The last pier I was on, was more of a boat dock and it was located on Catalina Island, 24 miles away from Los Angeles. For a couple of years, we had a science camp field trip for our 8th graders where we'd take them over to Catalina Island, away from the touristy places near Avalon and teach them different things about the ocean that you couldn't do in the classroom. The hands on labs with plenty of ocean critters was, for many of my students, the first time they'd encountered many of the creatures in the Pacific Ocean. While on the Santa Monica Pier on Monday, the air was so clear, I could see all the way to Catalina, something that is becoming increasingly difficult to do here, because of ocean clouds (called the marine layer here) that block the view, but also because of the smog the area generates.

The last actual boardwalk I've been on, in fact the only boardwalk I've been on, would be the Santa Cruz boardwalk.
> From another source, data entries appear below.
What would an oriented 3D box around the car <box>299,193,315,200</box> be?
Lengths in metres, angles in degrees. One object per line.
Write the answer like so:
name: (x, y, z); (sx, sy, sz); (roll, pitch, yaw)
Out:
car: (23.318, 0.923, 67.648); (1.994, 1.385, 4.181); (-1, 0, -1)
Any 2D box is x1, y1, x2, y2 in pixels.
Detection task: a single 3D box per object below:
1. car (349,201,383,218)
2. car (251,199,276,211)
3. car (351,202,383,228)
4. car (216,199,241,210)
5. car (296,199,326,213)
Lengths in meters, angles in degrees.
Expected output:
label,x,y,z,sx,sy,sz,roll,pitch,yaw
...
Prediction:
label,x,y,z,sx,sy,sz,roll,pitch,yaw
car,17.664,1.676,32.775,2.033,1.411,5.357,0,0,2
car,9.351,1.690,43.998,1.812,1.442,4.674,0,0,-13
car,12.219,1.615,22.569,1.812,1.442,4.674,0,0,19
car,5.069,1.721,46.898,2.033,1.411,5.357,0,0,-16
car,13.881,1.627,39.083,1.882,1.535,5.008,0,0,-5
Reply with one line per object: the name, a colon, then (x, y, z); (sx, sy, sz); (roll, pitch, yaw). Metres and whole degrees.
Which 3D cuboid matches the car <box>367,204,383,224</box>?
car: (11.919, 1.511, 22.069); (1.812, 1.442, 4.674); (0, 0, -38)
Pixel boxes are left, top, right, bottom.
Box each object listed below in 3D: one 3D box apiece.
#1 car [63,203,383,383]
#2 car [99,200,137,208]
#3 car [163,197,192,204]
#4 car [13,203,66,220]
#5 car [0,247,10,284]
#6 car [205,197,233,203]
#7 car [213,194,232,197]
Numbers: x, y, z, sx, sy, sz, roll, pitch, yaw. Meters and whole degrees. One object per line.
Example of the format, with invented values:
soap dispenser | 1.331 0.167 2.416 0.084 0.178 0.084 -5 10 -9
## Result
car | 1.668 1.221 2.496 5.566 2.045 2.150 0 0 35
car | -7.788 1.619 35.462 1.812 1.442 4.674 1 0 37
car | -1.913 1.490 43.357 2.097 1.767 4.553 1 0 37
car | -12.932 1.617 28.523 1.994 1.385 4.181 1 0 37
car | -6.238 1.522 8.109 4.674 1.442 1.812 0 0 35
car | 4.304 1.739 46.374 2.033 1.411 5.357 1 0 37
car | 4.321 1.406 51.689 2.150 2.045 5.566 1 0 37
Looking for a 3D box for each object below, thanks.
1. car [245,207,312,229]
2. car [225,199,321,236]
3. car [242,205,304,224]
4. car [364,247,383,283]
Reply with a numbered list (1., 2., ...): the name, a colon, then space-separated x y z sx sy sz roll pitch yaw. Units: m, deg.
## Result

I was up in Santa Cruz with a couple of buddies of mine right after we'd graduated from high school. This was our senior trip and we made the most of it, camping in different spots along the coast of California. My friend's sister was attending UC Santa Cruz and so when we got up there, we crashed at her apartment. That evening, we went down to the boardwalk and enjoyed the sights and sounds of the place. One of the highlights of the boardwalk was the Giant Dipper, a large wooden rollercoaster that consistently rates in the top ten of great woodie rides by coaster enthusiasts. I couldn't tell you how many times we rode it that evening, but it definitely makes my top 10 list as well.

The Santa Monica Pier, which I visited this weekend was a much smaller version of the Santa Cruz boardwalk. The Ferris wheel was large, but most of the other rides were scaled down versions of rides that I've seen before. As noted above, the rollercoaster appeared to be quite tame, though I didn't ride it. Had the Tadpole been along, I'm pretty sure we'd have ridden it, but with a couple of helixes and one and a half small drops, I don't think that one will make anyone's major list.
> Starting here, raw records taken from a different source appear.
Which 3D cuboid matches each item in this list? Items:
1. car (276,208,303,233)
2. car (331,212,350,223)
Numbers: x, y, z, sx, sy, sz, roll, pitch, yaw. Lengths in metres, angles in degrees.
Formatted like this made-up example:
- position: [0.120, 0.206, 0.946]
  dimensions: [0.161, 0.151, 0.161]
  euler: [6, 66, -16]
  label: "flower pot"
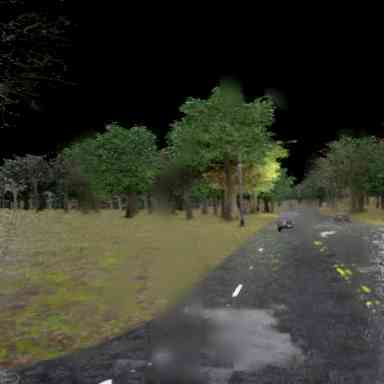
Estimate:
- position: [9.981, 3.017, 34.366]
  dimensions: [2.150, 2.045, 5.566]
  euler: [-3, -4, 16]
  label: "car"
- position: [20.454, 3.504, 45.796]
  dimensions: [1.837, 1.490, 4.892]
  euler: [-3, -3, 15]
  label: "car"
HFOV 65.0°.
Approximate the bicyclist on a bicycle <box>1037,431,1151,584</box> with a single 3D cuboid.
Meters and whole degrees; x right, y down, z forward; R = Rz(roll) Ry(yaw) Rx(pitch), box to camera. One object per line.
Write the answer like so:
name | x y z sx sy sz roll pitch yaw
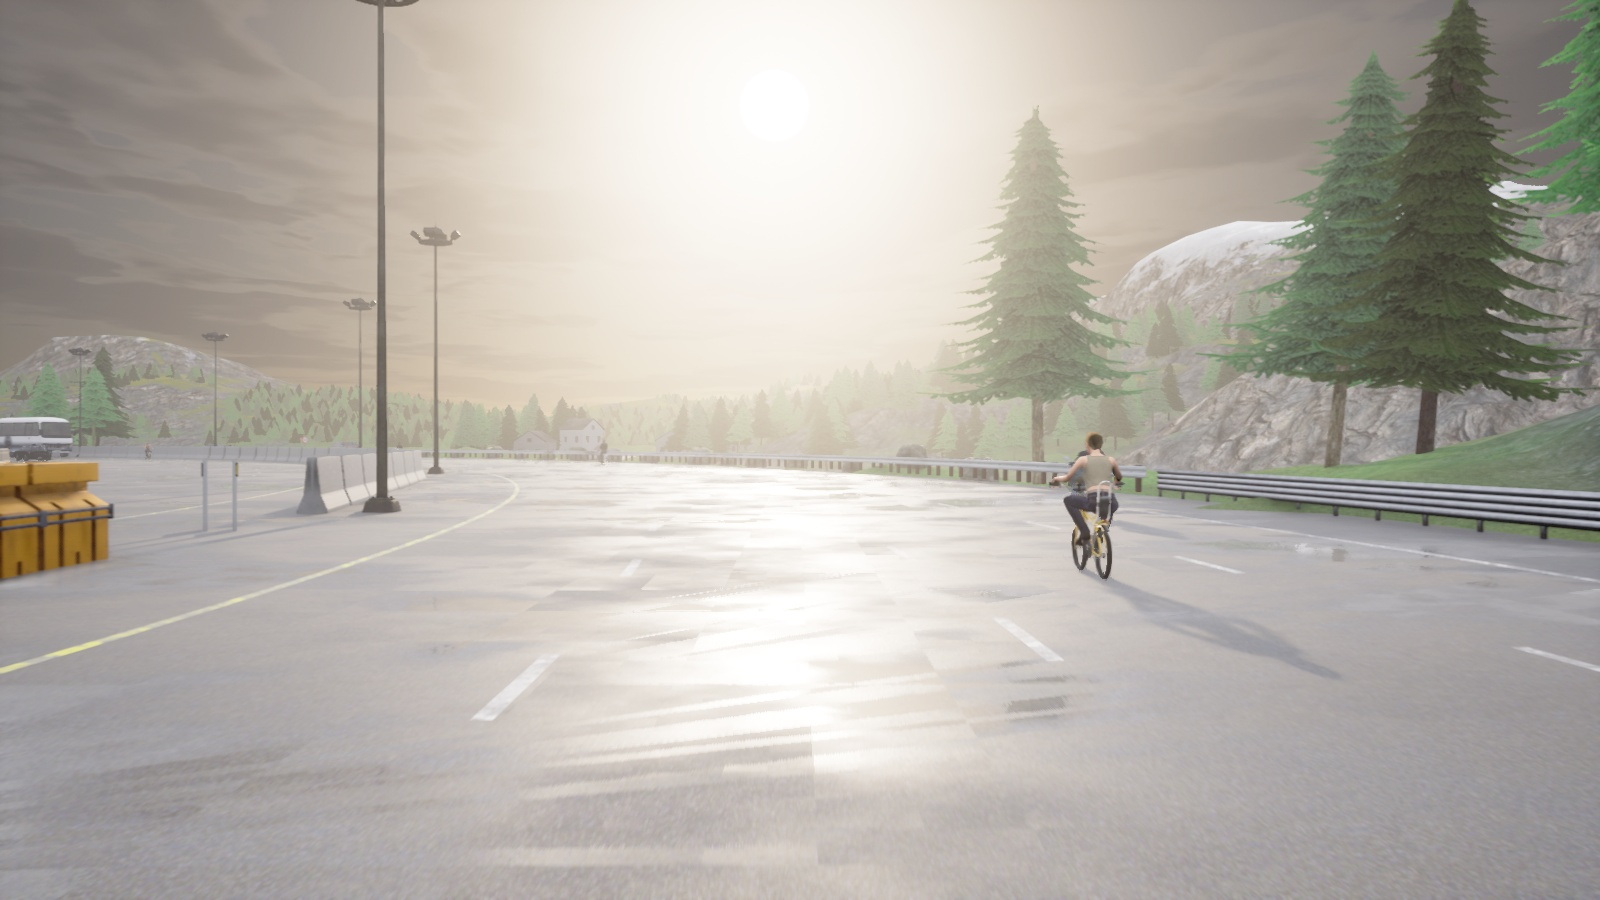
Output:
bicyclist on a bicycle | 3.253 0.606 14.049 0.866 1.612 1.509 0 0 -3
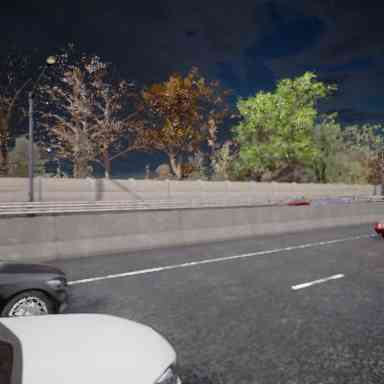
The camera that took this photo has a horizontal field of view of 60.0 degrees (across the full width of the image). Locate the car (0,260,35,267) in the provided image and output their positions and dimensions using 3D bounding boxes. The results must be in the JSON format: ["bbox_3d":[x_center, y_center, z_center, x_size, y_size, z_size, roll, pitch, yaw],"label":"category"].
[{"bbox_3d":[-4.309,1.528,4.971,4.674,1.442,1.812,0,0,-35],"label":"car"}]

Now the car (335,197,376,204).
[{"bbox_3d":[16.654,1.411,33.059,4.892,1.490,1.837,0,0,-35],"label":"car"}]

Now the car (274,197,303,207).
[{"bbox_3d":[11.498,1.386,37.979,5.008,1.535,1.882,0,0,-35],"label":"car"}]

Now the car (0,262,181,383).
[{"bbox_3d":[-2.234,1.528,2.152,4.674,1.442,1.812,0,0,-36],"label":"car"}]

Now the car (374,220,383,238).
[{"bbox_3d":[10.618,1.542,15.616,4.718,1.301,1.895,0,0,-36],"label":"car"}]

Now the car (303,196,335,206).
[{"bbox_3d":[14.511,1.258,35.828,4.553,1.767,2.097,0,0,-35],"label":"car"}]

The atmosphere of the place is what I enjoyed. I could constantly hear the waves crash on the beach as I walked around the pier taking in the sights and getting plenty of pictures. The screams of kids as they rode the rides told of their enjoyment, or terror in some cases, of the different rides there. The park was very colorful and noisy, just what I believe one would expect of this kind of amusement park. And yet, there was a quiet side of the pier as well.

The pier extended out quite a ways into the Pacific Ocean and the amusement park is situated close to the entrance to the pier. There is a good portion of the pier that extends beyond the park. There's where the fishermen are, plying their craft. It was a different kind of attitude there. There wasn't any kind of bustle. Fishermen march to their own drummer I suspect and they have this inner calm. I don't have that kind of patience to be a fisherman. Throw that hook in and a fish better start playing with the bait pretty quickly, or I'm going to be bored.
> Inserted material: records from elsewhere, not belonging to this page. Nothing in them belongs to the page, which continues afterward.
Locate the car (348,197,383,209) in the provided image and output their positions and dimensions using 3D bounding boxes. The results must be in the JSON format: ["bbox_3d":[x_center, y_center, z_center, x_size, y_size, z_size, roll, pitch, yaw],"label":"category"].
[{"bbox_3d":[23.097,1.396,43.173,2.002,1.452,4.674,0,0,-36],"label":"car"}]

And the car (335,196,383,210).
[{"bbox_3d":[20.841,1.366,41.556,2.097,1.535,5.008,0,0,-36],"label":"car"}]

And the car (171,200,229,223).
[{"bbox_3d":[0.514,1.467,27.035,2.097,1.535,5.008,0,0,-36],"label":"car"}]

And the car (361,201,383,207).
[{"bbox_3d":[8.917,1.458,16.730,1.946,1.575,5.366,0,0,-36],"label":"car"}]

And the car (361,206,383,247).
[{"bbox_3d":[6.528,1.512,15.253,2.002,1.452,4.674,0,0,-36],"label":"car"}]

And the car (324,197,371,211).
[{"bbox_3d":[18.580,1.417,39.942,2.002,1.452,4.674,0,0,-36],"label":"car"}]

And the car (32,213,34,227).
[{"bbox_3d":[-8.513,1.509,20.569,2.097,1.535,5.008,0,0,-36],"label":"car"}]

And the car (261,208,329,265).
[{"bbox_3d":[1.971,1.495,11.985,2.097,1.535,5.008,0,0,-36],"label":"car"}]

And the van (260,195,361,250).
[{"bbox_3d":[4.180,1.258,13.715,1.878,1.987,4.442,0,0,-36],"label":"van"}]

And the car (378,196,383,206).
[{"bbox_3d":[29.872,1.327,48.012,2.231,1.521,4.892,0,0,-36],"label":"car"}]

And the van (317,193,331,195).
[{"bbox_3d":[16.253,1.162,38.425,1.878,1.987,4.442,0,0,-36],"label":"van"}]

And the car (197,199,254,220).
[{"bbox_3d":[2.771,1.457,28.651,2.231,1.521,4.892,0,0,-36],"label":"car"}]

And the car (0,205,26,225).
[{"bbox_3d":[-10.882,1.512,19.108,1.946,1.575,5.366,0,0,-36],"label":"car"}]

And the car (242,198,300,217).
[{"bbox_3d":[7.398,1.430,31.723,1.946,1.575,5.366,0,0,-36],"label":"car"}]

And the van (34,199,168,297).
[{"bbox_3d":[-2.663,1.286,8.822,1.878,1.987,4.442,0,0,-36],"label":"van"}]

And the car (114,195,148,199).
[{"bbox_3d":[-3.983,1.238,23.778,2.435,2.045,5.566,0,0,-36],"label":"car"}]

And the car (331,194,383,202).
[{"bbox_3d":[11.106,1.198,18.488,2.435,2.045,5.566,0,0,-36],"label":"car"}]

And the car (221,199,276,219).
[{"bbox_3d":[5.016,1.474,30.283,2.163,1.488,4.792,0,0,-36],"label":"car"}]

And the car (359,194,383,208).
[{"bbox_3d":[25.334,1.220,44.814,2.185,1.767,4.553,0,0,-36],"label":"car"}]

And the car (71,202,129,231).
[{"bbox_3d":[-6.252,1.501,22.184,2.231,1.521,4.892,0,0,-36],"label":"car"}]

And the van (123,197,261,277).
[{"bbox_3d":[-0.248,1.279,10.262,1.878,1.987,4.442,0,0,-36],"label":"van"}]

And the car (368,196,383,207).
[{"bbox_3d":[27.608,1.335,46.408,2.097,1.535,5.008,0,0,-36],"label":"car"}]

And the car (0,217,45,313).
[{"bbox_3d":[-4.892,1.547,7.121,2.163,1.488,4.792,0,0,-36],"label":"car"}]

As you can probably guess, I'm more attracted to the glitz of the park as opposed to the other extreme also found on the pier. And yet, I could relate to these people, because I know that I can sit for hours doing things that I enjoy doing, like reading a book, or contemplating a set of photographs. I used to do needlepoint and cross stitching for enjoyment, but can't do that anymore, because a mild case of carpal tunnel syndrome gets in the way. So I can understand the appeal of fishing, but it's just not for me.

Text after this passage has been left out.